Lamongan – Satuan polisi Pamong Praja (Satpol PP) Lamongan, Jawa Timur menerjunkan  satu peleton personil dan ratusan anggota Ketentraman dan Ketertiban Umum (Trantibum) selama pra dan pasca Pemilihan Umum Presiden (Pilpres).

Upaya ini dilakukan untuk mencegah terjadinya kericuhan dan menjaga suasana kondusif di wilayah Lamongan.

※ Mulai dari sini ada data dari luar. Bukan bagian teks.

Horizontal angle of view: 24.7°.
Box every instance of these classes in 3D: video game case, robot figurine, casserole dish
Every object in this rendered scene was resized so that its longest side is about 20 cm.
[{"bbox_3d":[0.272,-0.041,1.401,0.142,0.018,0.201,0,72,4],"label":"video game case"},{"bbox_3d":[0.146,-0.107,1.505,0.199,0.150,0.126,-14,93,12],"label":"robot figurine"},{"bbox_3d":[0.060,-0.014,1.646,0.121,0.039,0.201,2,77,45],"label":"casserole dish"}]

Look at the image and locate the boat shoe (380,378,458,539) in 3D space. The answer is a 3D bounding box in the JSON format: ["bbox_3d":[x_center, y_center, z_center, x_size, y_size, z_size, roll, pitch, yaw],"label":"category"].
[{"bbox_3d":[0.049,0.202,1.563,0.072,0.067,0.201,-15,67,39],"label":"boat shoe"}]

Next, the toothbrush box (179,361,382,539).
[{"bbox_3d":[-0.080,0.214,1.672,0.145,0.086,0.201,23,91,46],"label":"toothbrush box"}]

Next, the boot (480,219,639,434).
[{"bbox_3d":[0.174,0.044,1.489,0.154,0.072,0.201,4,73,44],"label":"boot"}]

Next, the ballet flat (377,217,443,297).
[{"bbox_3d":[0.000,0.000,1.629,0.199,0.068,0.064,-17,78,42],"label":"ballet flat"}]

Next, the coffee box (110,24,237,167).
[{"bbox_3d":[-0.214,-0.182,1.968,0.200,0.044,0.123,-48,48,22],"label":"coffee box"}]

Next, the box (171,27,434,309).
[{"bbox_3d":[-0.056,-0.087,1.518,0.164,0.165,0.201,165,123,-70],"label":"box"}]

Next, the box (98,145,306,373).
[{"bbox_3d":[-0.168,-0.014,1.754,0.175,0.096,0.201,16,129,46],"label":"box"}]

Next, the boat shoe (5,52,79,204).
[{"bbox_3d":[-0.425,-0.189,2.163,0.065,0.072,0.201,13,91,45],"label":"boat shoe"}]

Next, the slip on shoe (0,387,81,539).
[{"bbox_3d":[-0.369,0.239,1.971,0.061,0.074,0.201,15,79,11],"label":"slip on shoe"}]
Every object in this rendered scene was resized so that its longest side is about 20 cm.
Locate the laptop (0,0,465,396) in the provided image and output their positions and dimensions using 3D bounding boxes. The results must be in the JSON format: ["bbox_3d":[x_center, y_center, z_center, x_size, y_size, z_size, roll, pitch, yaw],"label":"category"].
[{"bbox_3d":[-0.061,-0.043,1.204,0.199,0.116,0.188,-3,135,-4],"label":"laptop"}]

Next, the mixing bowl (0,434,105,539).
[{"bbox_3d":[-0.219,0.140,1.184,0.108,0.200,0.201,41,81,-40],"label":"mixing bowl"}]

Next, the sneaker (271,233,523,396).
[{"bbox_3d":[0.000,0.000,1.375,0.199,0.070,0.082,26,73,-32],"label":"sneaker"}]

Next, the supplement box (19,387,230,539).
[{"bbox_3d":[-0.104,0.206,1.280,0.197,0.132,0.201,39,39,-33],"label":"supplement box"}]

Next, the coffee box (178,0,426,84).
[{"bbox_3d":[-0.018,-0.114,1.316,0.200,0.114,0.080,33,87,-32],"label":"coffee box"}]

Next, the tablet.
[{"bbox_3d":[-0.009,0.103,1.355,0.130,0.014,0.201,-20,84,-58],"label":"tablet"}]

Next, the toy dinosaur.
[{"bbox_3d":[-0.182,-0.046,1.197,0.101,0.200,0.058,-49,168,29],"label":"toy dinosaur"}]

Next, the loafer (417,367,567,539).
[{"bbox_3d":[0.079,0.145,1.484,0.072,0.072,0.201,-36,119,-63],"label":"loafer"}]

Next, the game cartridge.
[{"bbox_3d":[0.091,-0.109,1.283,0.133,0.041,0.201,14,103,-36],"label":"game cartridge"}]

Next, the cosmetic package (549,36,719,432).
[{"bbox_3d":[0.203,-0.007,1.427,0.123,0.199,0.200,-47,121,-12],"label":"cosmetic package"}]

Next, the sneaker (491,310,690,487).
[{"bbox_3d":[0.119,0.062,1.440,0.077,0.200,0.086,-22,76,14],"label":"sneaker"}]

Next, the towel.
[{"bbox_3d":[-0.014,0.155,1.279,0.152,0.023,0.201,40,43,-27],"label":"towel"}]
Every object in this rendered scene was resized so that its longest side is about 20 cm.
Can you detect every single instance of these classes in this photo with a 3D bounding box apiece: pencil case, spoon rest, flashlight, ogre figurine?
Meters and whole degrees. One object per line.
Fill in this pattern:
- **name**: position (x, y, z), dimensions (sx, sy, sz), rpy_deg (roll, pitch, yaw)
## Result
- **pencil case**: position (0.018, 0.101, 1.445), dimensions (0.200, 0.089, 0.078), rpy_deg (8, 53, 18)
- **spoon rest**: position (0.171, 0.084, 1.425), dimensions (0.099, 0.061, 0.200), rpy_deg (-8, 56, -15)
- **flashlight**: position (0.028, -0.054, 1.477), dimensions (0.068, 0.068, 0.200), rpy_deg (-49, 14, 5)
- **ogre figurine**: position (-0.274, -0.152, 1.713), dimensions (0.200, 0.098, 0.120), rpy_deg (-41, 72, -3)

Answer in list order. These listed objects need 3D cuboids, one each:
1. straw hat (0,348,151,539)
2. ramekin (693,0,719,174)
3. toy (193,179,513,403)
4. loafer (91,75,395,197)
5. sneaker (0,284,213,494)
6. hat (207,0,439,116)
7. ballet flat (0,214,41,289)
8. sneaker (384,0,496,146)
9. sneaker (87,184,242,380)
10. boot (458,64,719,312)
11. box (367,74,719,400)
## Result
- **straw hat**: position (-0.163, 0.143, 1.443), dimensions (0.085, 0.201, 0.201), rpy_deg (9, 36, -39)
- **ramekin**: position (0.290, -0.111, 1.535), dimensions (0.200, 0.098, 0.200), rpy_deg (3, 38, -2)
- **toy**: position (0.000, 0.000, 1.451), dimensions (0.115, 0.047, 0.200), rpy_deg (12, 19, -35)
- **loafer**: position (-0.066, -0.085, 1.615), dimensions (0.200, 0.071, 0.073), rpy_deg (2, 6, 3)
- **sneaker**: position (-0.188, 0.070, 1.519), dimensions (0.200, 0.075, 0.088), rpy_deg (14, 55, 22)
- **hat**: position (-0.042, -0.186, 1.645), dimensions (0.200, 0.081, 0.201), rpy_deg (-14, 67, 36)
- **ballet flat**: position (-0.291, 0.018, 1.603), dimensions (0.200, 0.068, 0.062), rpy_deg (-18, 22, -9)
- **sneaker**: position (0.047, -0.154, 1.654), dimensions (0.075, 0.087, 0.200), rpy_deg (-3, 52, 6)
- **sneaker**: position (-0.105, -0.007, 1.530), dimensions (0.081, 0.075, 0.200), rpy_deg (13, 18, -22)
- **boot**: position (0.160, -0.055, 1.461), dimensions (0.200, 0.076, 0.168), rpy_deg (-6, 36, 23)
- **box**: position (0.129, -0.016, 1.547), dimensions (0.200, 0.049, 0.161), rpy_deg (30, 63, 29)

“Bersama aparat kepolisian Satpol PP bersiaga penuh mengamankan pelaksanaan pemilu,“ kata Kasi Penindakan dan Pengamanan Satpol PP Lamongan Helmy kepada SuaraBanyuurip.com, Kamis (10/7/2014).

Saat pelaksanaan coblosan Rabu (9/7/2014) kemarin, menurutnya, Satpol PP menerjunkan satu peleton beranggotakan 30 orang. “Pasukan dibagi dalam tiga regu masing-masing regu terdiri 10 orang, “ jelasnya.

Untuk setiap regu bertugas memantau pelaksanaan pemilu di 7-8 Kecamatan. “Pengamanan bersifat mobile artinya pantau pindah dari satu Kecamatan ke Kecamatan lain,“ papar Helmy.

Untuk membantu pengamanan Pilpres di tingkat desa Satpol PP menerjunkan anggota Trantibum di 27 kecamatan yang ada. Pengamanan pemilu akan dilakukan hingga penghitungan suara (pleno) ditingkat KPU Lamongan selesai hingga tanggal 17 Juli 2014 mendatang.

Baca Juga :   Dianggap Meresahkan 7 Pengamen Diamankan

Dikonfirmasi terpisah Kasi Trantibum Kecamatan Babat Cucuk Subagyana mengatakan menerjunkan semua personilnya selama pelaksanaan Pilpres kemarin. “Kecamatan Babat merupakan barometer pilpres di Lamongan karena itu kami memberikan pengawalan ektra ketat di 21 desa dan 2 kelurahan yang ada, “ paparnya.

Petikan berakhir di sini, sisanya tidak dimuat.